Il 3 febbraio, a Smackdown, Theodore Long annuncia i partecipanti all'Elimination Chamber Match per il World Heavyweight Championship che si terrà al PPV Elimination Chamber: il campione Daniel Bryan, lo stesso gigante, Wade Barrett, Cody Rhodes, Randy Orton e Mark Henry, che è poi stato tolto dal match e sostituito con The Great Khali. Nella puntata di Raw del 6 febbraio vince per count out un match contro Daniel Bryan.

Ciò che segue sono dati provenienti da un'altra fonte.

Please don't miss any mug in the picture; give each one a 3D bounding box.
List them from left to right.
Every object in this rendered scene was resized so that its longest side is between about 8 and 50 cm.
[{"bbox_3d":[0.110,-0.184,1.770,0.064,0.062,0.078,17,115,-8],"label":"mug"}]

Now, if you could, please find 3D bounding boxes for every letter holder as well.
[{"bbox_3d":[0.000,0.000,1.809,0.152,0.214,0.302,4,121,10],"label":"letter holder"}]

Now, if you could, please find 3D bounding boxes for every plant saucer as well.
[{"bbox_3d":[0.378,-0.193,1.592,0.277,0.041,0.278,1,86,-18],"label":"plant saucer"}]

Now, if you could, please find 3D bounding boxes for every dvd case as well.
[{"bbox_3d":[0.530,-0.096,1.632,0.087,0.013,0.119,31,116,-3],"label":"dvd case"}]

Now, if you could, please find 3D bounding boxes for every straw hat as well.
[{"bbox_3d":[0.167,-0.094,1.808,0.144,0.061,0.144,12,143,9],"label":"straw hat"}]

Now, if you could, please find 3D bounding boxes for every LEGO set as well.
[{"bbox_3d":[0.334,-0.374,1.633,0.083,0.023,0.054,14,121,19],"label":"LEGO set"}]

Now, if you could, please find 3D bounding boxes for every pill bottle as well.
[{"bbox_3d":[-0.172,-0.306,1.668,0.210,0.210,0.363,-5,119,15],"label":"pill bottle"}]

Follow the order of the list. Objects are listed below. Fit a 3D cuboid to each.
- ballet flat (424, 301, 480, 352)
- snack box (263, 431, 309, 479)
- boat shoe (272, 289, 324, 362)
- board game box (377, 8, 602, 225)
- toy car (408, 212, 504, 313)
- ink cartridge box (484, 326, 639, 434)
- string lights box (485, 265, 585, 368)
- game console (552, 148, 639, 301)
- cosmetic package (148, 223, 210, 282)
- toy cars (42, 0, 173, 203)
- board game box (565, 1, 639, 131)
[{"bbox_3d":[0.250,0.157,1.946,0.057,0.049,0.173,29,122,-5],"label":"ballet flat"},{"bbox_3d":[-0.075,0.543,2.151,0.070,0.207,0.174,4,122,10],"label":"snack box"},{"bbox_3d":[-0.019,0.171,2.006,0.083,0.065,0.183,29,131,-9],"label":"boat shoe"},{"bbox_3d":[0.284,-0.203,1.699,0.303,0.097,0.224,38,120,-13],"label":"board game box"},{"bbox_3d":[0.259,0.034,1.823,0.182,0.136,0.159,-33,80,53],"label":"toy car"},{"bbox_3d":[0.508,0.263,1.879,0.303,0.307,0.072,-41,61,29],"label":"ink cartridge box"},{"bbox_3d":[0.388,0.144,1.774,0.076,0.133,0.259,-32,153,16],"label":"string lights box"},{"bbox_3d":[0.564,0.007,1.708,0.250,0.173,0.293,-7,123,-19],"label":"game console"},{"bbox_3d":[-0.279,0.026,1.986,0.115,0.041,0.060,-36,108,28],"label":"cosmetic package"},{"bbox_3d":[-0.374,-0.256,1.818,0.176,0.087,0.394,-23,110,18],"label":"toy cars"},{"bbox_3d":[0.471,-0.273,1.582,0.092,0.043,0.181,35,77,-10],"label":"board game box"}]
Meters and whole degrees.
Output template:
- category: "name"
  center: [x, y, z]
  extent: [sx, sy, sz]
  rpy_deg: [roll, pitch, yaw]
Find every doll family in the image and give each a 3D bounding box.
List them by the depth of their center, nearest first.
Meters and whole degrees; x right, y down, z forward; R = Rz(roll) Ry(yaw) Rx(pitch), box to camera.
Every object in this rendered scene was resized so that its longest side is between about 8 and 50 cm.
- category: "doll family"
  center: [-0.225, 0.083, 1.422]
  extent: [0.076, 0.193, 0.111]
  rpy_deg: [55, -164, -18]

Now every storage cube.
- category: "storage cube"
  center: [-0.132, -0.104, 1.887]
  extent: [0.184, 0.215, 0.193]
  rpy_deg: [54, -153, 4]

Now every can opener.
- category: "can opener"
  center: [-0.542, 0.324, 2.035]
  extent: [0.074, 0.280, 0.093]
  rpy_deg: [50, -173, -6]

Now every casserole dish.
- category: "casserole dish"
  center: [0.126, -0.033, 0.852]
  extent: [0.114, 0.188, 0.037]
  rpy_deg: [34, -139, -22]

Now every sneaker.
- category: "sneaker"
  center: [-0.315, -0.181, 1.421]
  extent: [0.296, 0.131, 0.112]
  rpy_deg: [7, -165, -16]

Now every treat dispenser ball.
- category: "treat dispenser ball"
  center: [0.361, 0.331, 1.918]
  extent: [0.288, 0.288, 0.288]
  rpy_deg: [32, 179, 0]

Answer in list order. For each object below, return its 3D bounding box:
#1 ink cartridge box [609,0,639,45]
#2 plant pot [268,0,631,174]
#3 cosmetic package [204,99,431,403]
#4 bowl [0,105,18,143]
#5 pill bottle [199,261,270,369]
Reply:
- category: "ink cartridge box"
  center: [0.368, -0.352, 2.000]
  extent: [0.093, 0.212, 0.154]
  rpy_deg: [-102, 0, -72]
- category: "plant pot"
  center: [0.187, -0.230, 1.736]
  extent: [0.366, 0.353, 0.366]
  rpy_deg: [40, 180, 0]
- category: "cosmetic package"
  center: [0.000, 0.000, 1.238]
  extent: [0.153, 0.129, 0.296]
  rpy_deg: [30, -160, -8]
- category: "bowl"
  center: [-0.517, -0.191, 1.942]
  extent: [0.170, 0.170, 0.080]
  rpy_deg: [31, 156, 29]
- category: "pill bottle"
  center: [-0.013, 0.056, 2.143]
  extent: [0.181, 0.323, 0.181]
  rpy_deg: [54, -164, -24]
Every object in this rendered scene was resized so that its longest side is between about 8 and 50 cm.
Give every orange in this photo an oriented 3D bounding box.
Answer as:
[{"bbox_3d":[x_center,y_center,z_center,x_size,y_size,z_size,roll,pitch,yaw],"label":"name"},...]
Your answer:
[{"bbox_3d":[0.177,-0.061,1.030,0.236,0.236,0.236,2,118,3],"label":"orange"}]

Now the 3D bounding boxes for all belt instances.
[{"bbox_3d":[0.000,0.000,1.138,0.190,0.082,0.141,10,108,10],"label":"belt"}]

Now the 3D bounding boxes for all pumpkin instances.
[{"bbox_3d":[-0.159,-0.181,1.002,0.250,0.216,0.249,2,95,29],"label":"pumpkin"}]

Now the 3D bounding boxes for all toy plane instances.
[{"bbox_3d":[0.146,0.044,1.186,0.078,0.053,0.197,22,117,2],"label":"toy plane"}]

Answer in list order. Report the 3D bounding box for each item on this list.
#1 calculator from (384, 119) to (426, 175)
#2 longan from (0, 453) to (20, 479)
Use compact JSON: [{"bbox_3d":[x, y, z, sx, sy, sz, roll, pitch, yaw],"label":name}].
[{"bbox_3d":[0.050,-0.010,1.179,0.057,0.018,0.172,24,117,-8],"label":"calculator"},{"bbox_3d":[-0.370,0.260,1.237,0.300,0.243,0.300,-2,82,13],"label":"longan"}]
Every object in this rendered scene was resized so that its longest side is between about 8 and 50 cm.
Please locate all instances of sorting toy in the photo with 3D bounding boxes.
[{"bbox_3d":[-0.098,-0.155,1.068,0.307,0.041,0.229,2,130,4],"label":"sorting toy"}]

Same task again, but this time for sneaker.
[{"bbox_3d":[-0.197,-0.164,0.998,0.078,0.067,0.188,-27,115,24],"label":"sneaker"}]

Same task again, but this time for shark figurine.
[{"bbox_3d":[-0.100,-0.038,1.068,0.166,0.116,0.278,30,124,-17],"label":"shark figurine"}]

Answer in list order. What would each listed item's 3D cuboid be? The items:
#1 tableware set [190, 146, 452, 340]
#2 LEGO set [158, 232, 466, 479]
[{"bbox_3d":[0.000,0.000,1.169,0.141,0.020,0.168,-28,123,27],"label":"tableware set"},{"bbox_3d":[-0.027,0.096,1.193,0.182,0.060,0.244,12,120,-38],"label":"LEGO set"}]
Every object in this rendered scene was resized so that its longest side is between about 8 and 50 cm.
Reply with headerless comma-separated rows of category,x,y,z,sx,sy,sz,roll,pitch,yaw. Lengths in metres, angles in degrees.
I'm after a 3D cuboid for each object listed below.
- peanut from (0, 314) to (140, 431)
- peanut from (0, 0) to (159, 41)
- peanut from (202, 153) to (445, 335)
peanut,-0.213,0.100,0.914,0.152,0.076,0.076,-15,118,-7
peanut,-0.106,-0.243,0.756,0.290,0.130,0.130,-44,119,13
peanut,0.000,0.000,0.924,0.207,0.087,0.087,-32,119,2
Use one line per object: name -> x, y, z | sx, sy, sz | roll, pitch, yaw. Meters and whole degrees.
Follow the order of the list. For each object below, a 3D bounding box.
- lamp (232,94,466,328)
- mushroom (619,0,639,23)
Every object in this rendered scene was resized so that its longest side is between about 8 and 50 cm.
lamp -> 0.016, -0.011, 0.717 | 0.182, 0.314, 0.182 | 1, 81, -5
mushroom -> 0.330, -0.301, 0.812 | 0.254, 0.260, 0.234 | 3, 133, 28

Nella puntata di SmackDown del 10 febbraio fa coppia con Sheamus in un tag team match sconfiggendo Wade Barrett e Cody Rodhes. Nella stessa sera assiste all'incontro fra Randy Orton e Daniel Bryan ma per causa del gigante l'incontro finisce in squalifica con la vittoria di Bryan dopo che quest'ultimo lo ha provocato e Orton, che non ci sta perdere così, va ad incolpare Show e i due si prendono a malmenate. Nella puntata di Raw del 13 febbraio affronta Randy Orton perdendo per squalifica per colpa di un intervento di Daniel Bryan che colpisce Orton con la cintura. Nella puntata di SmackDown del 17 febbraio fa coppia con The Great Khali sconfiggendo Wade Barrett e Cody Rhodes ma a fine match attacca il suo compagno Khali con la Big Finisher. Si ripete nell'ufficio del General Manager di Theodore Long rifilando prima la W.M.D. a Mark Henry e poi devastando l'intera stanza.

Al pay-per-view Elimination Chamber entra con il numero 1 nell'Elimination Chamber Match di Smackdown per il World Heavyweight Championship, ma viene eliminato da Cody Rhodes dopo due Beautiful disaster e un Diving elbow drop di Wade Barrett.

Show dopo aver conquistato l'Intercontinental Championship a WrestleMania XXVIII.

Il 20 febbraio a Raw prende parte alla Ten-Man Battle Royal per decidere lo sfidante di CM Punk per il WWE Championship a WrestleMania XXVIII, ma viene eliminato da Chris Jericho con l'aiuto determinante di Cody Rhodes che, già era eliminato, e va a regalare la vittoria a Y2J. Nella puntata di SmackDown del 21 febbraio affronta Mark Henry ma durante l'incontro interviene ancora una volta Cody Rhodes che mostra a tutti le brutte figure del gigante a WrestleMania prendendolo in giro. Show s'infuria, prima colpisce Henry con la Big Finisher mettendolo KO e poi va ad inseguire Rhodes iniziando ufficialmente una faida tra loro. Il 2 marzo a SmackDown, interviene sul ring per dare un taglio al discorso di Cody sul gigante, e lo stesso Rhodes fugge tra la folla. Poco dopo, interviene il GM Theodore Long che ufficializza un match tra Big Show e Cody Rhodes a WrestleMania XXVIII con l'Intercontinental Championship in palio.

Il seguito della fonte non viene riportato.